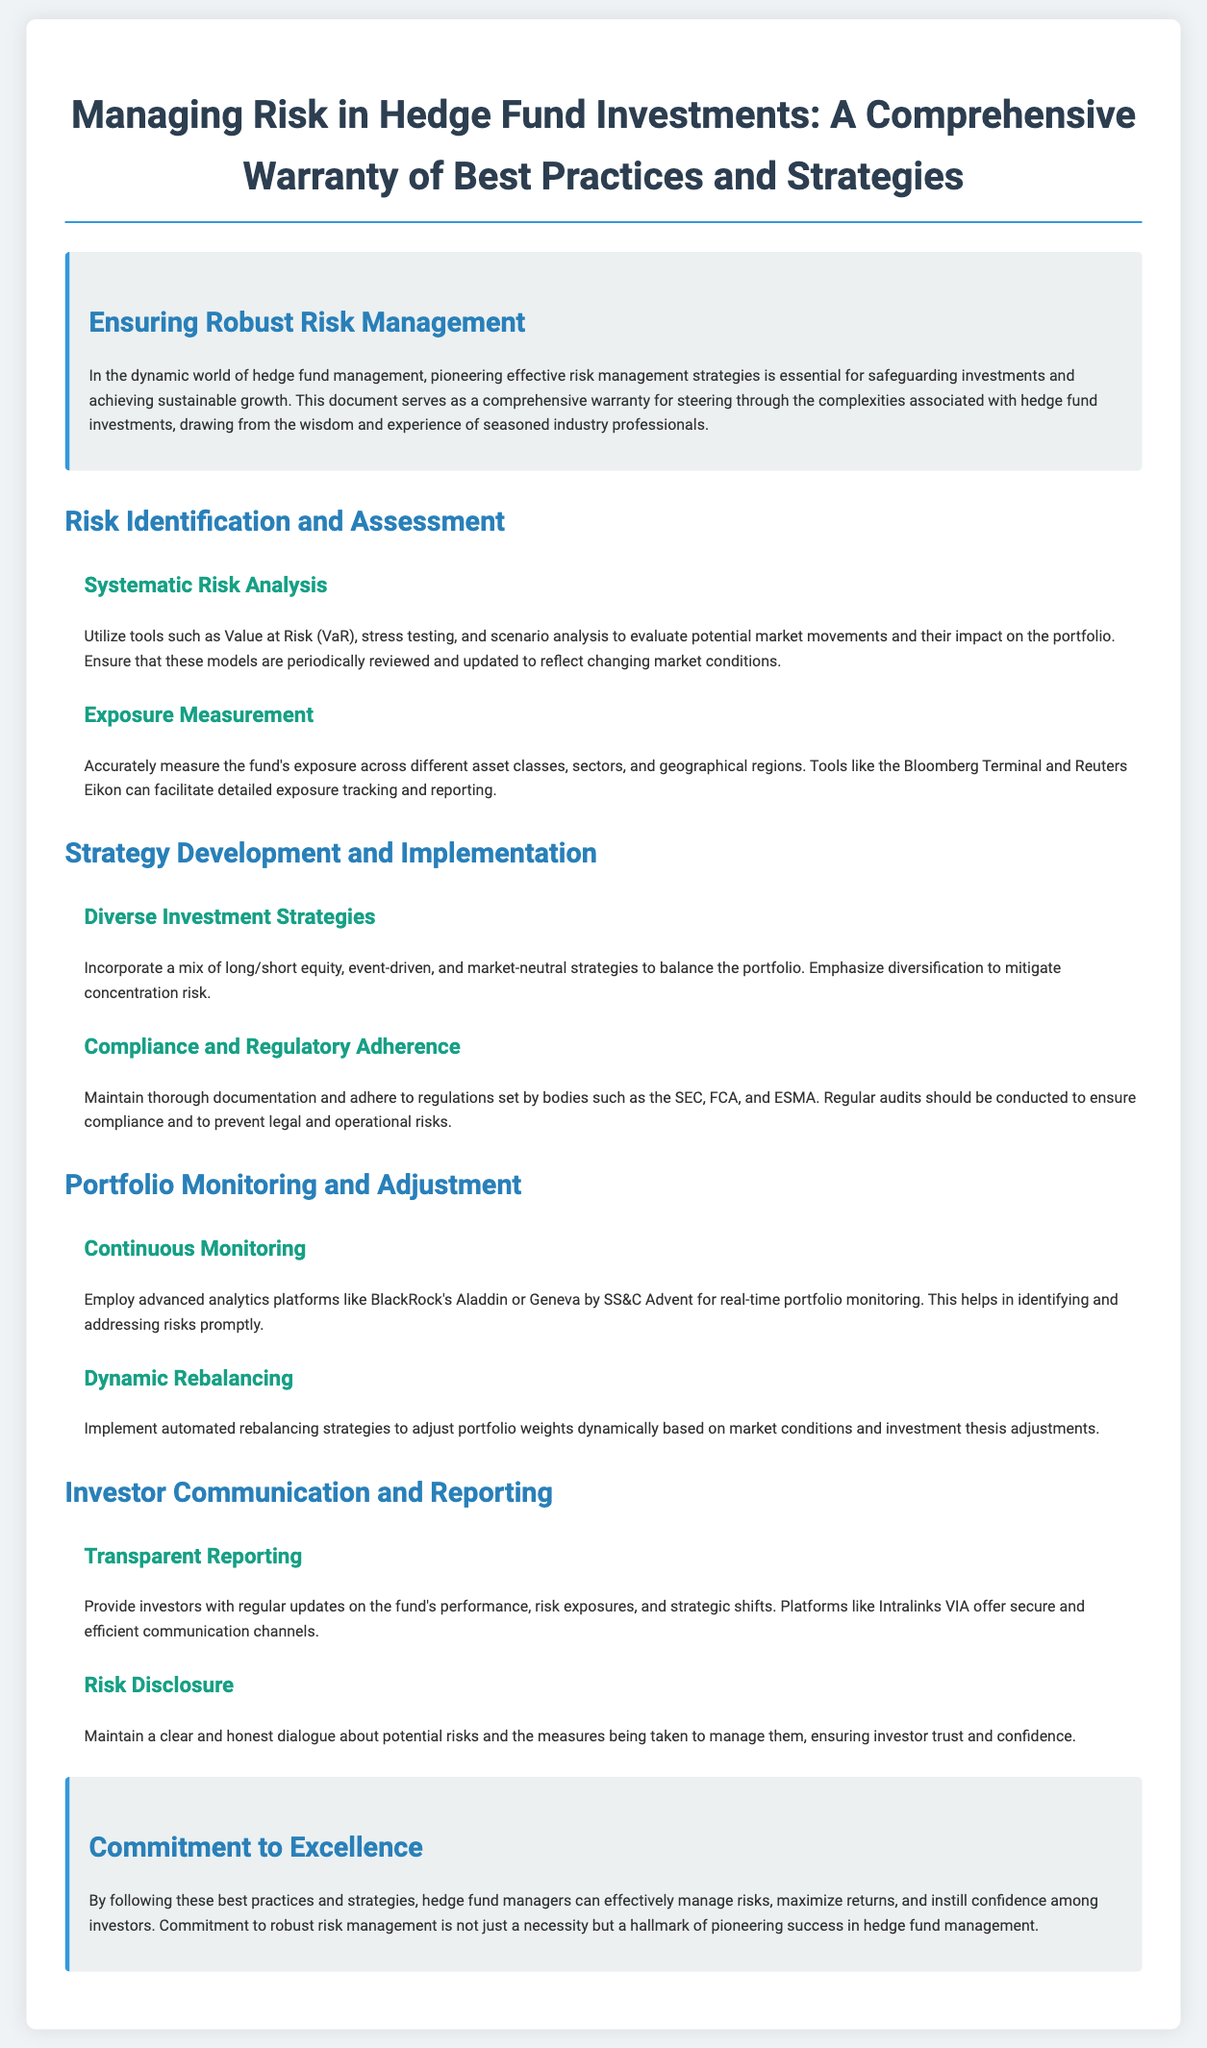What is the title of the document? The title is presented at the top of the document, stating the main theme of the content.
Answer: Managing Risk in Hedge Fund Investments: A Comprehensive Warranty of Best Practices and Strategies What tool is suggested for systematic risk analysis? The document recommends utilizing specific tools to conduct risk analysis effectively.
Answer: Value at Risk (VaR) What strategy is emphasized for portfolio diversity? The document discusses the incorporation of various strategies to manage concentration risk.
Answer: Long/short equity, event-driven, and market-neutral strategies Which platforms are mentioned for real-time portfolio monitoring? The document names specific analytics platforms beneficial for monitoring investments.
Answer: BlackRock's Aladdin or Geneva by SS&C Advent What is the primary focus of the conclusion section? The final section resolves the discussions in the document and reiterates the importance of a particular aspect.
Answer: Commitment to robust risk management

==

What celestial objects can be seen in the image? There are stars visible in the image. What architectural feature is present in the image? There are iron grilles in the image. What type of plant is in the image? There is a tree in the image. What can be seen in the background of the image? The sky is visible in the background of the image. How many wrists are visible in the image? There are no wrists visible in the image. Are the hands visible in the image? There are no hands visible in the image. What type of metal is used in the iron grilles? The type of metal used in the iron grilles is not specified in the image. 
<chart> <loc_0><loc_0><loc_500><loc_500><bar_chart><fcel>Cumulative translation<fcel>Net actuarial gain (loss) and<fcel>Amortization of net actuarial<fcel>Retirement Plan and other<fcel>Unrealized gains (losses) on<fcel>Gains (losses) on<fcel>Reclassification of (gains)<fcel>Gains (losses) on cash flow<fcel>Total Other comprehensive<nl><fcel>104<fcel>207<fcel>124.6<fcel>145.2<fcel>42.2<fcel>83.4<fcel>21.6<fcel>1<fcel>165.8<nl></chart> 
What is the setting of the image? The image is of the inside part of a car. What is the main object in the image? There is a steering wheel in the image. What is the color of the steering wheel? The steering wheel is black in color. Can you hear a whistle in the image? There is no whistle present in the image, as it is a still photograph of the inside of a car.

--

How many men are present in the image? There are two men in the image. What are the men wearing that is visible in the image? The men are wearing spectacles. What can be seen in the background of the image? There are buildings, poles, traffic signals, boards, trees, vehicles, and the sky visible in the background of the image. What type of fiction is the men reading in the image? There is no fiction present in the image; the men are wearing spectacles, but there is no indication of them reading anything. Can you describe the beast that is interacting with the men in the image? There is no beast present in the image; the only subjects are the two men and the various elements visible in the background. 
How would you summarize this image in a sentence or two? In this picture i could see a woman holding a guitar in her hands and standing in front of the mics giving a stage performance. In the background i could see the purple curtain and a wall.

## Instructions to follow
Transcribe the records above from the line holding "Answer: Value at" down to the line holding "Answer: Long/short equity, event-driven, and", inclusive, without adding anything.

## Response area
Answer: Value at Risk (VaR) What strategy is emphasized for portfolio diversity? The document discusses the incorporation of various strategies to manage concentration risk.
Answer: Long/short equity, event-driven, and market-neutral strategies Which platforms are mentioned for real-time portfolio monitoring? The document names specific analytics platforms beneficial for monitoring investments.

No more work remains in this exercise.